The true limits are beyond my comprehension. There are too many variables at play to predict where the they are, and whether it is the limit. So far there has always been another optimization that has been able to save the day. For how long will those boons continue? Surely there must be some upper bound to a search engine hosted in an apartment living room.
I know of one boundary: The dictionary hash table. I know it will start to degrade noticeably, like most hash tables, when it’s about 75% full. I know it growth seems linear, or at least linear-bounded, slowly ticking up by about six million entries per hour. I know that it’s full capacity is 2.1 billion entries, and it’s currently at 752 million. That means we are half way to 75% full. That is a vague boundary. A lethargic death-by-brownout, rather than a splat against some unseen brick wall.

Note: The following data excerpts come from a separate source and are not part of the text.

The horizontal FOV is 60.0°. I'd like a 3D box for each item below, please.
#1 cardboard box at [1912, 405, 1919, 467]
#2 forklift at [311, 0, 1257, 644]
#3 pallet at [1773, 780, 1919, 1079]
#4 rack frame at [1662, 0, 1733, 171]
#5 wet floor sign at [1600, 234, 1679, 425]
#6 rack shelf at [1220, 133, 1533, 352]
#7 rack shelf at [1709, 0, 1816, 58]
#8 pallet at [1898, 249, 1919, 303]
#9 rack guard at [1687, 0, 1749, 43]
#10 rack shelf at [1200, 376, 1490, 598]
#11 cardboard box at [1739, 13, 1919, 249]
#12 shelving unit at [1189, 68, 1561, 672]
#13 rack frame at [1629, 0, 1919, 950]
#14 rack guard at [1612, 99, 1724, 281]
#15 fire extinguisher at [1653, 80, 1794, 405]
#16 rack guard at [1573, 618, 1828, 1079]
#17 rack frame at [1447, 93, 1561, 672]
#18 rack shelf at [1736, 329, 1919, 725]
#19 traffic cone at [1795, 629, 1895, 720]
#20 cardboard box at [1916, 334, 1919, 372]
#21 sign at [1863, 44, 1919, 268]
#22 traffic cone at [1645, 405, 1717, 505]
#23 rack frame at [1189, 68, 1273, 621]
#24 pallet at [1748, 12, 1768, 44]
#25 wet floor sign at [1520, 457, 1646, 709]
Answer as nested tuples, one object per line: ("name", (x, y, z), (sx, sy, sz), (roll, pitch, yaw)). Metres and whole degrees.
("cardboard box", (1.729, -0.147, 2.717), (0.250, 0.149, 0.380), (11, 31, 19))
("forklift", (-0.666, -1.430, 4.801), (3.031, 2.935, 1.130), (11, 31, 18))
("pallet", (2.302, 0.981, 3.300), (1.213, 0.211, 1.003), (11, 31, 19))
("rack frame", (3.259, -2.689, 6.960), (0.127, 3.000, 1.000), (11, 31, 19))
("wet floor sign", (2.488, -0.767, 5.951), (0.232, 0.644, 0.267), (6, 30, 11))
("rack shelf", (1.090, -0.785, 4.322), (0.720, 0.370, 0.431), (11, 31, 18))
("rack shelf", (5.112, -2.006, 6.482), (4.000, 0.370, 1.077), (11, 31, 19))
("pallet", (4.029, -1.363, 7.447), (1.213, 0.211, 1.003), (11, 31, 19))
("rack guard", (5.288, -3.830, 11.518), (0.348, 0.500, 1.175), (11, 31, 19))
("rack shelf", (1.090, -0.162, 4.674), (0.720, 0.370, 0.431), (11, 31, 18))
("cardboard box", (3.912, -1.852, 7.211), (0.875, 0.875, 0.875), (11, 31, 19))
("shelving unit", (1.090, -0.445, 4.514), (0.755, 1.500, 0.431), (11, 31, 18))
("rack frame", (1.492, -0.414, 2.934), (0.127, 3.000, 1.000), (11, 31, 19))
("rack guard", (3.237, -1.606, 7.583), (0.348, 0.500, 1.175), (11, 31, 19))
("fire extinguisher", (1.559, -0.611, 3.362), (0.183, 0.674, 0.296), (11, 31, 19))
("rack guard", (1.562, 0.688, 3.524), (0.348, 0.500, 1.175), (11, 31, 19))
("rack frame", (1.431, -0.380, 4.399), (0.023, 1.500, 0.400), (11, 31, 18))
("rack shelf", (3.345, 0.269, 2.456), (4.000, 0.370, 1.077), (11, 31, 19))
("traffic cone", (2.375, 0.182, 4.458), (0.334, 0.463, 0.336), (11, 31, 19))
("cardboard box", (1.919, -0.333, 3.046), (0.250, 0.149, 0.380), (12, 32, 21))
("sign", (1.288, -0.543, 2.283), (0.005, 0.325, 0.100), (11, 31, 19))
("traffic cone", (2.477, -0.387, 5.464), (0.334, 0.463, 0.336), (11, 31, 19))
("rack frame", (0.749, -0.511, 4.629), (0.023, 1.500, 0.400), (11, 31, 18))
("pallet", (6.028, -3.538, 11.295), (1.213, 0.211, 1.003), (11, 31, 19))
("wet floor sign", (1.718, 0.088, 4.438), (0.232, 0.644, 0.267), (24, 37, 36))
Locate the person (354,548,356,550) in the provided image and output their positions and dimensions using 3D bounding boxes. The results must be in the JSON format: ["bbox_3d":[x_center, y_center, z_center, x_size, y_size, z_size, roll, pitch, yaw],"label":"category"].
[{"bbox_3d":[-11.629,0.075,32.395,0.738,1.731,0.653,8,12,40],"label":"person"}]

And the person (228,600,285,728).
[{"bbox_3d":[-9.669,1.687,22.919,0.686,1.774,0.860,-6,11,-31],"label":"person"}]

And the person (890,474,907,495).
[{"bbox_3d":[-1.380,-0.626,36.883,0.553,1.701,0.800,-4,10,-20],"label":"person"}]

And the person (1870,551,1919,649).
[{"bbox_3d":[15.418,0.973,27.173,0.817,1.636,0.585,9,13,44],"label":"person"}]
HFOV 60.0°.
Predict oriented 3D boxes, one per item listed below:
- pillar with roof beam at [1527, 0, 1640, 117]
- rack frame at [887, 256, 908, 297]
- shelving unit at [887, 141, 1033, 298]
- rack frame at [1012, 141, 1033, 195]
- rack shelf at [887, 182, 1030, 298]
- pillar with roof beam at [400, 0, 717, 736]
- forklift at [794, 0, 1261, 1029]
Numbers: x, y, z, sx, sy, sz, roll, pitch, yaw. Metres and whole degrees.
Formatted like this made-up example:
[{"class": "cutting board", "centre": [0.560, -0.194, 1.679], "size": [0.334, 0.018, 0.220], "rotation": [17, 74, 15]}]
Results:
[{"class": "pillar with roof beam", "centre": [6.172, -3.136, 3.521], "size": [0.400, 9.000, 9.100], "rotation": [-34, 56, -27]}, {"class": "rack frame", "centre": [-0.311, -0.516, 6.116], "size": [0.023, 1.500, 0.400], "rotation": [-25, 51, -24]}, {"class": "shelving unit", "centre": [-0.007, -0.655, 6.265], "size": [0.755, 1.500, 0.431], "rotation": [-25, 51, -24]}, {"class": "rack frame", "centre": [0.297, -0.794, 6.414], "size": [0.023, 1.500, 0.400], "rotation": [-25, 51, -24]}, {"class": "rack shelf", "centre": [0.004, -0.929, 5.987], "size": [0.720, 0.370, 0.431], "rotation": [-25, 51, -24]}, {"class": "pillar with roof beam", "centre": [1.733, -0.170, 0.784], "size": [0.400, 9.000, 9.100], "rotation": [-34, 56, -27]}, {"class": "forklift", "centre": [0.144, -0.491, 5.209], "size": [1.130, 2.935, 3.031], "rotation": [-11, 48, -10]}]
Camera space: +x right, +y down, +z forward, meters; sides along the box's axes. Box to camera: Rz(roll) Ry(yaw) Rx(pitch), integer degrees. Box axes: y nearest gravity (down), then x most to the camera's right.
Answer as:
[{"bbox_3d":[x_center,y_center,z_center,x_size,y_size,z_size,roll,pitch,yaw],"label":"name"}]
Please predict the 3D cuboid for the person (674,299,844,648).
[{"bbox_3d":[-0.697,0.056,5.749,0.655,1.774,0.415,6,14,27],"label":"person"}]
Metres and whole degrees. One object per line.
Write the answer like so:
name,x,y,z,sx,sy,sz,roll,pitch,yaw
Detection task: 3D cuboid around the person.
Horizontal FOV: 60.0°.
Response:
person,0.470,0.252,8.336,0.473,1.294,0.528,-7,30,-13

I know a brick wall, too, the partition holding the files for the mariadb instance that keeps track of URL metadata is about 37% full, at 44 Gb. That could be what blows up. MariaDB could also quite simply grind to a halt because it doesn’t get enough ram. I’ve assigned it 40 Gb. It should be enough for a while. But I really don’t know for how long.
Maybe it’s some envious plot of the operating system resource management that will ground the flight of the search engine. Right now the server OS gets 55 Gb of buffer memory. So far that keeps the disk thrashing at bay. So far.
Incidentally, searching is a tad slow now, but that’s not because it’s approaching some performance limit, but because the caches aren’t properly populated. Searching more fixes the problem. But there’s also a script I run which just goes through a dictionary making queries that brings the query time down. Looks like a DOS attack, just spamming dozens of searches per second in a loop, but it’s actually the opposite. Ironically, the worst thing for the search engine’s performance is not getting enough search queries.
Meanwhile, the search engine keeps indexing. Perhaps like a bumblebee crossing a road, blissfully unaware of the windshield hurdling its way.